The handbook chapter on jails contains this warning:



> Important: Jails are a powerful tool, but they are not a security panacea. It is particularly important to note that while it is not possible for a jailed process to break out on its own, there are several ways in which an unprivileged user outside the jail can cooperate with a privileged user inside the jail and thereby obtain elevated privileges in the host environment.
> 
> Most of these attacks can be mitigated by ensuring that the jail root is not accessible to unprivileged users in the host environment. Regardless, as a general rule, untrusted users with privileged access to a jail should not be given access to the host environment.



I tracked the source of the warning down to these discussions: 


http://lists.freebsd.org/pipermail/freebsd-security/2011-May/005886.html
http://lists.freebsd.org/pipermail/freebsd-security/2009-January/005097.html

It would appear that you can patch the suid security hole by ensuring the directory hosting the jail roots is `chmod 700`, because then regular users on the host cannot see into or execute any binaries in the jail which are suid.

I haven't been able to identify any other obvious gotchas which could let a superuser in a jail and a regular user on the host conspire to achieve root on the host.

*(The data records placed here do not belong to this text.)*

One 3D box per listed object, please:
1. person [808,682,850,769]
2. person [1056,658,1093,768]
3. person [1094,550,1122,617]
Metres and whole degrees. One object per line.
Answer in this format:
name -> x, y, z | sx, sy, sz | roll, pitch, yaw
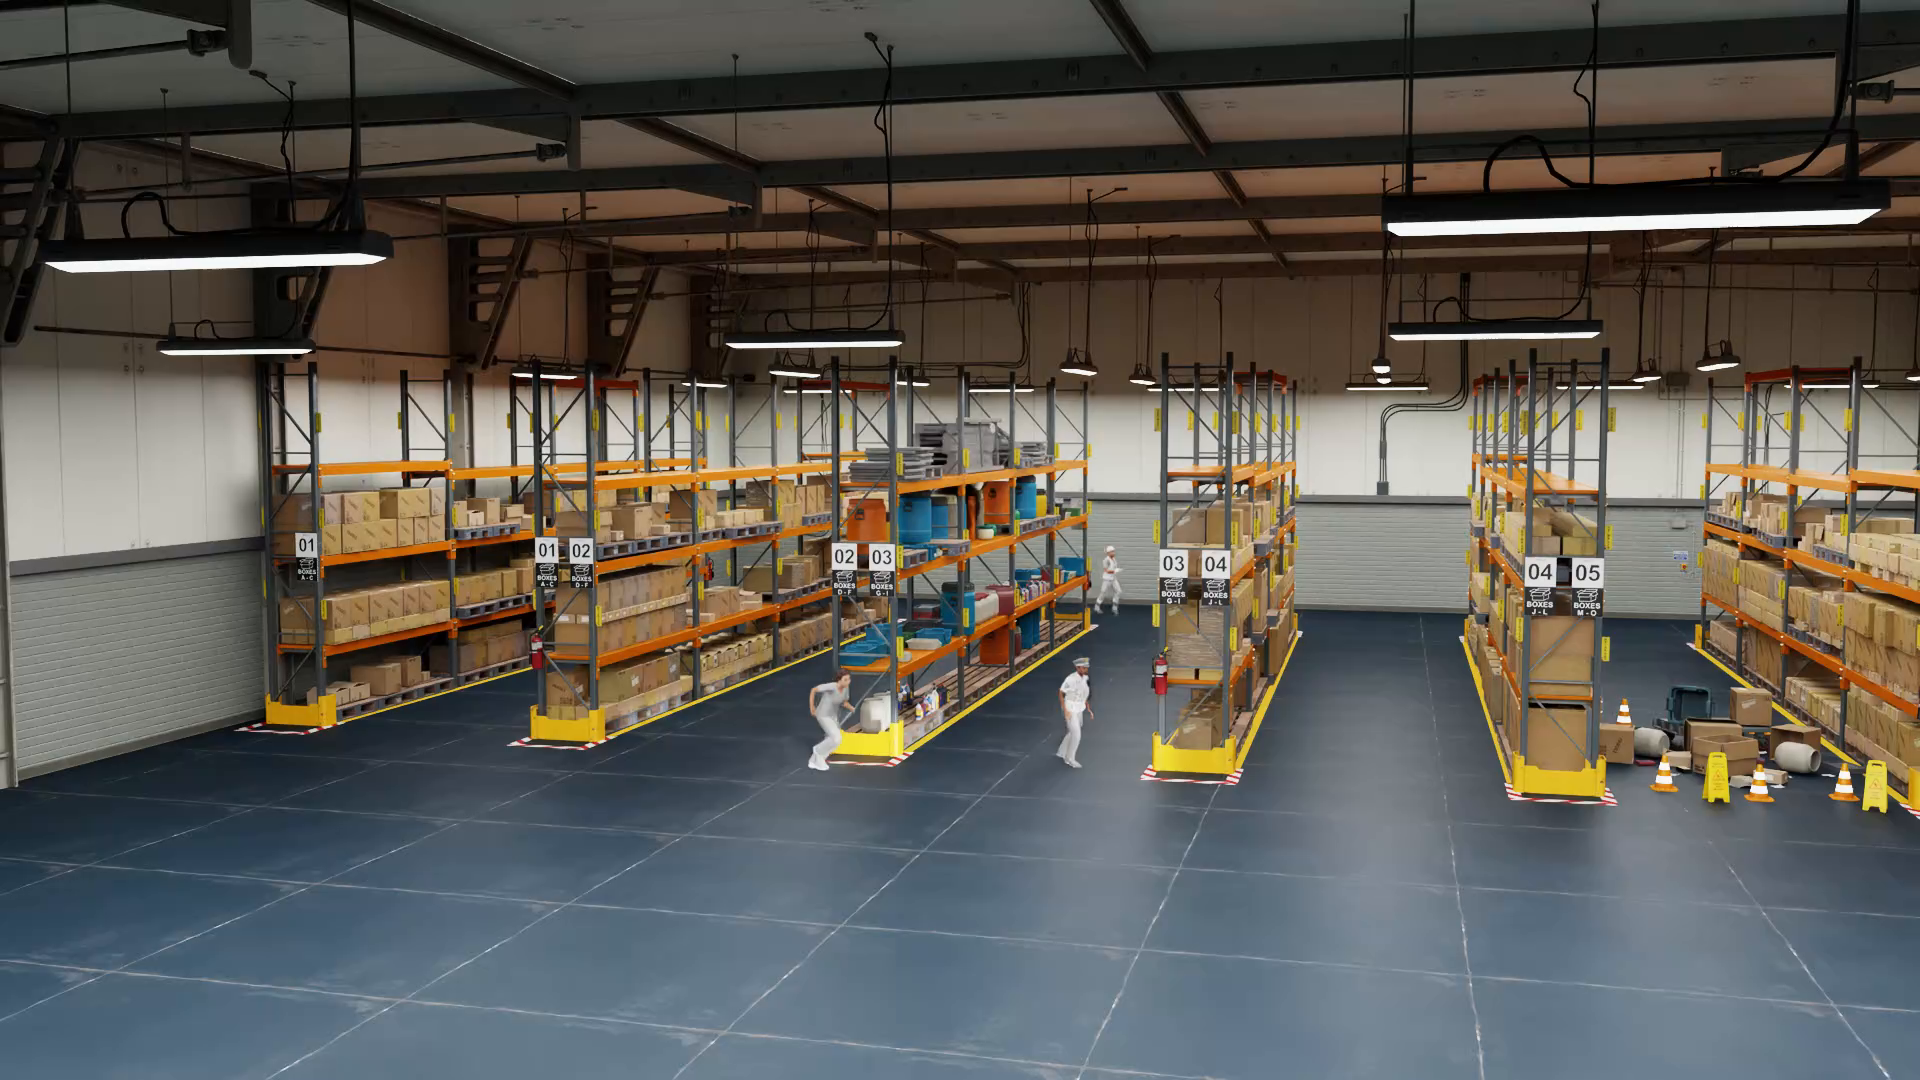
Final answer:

Can you think of any? Are they likely to exist?

I'm trying to understand how much of a risk it is having a regular user on the host of a machine running jails.


----------



## SirDice (Mar 14, 2013)

bthomson said:
			
		

> I haven't been able to identify any other obvious gotchas which could let a superuser in a jail and a regular user on the host conspire to achieve root on the host. Can you think of any? Are they likely to exist?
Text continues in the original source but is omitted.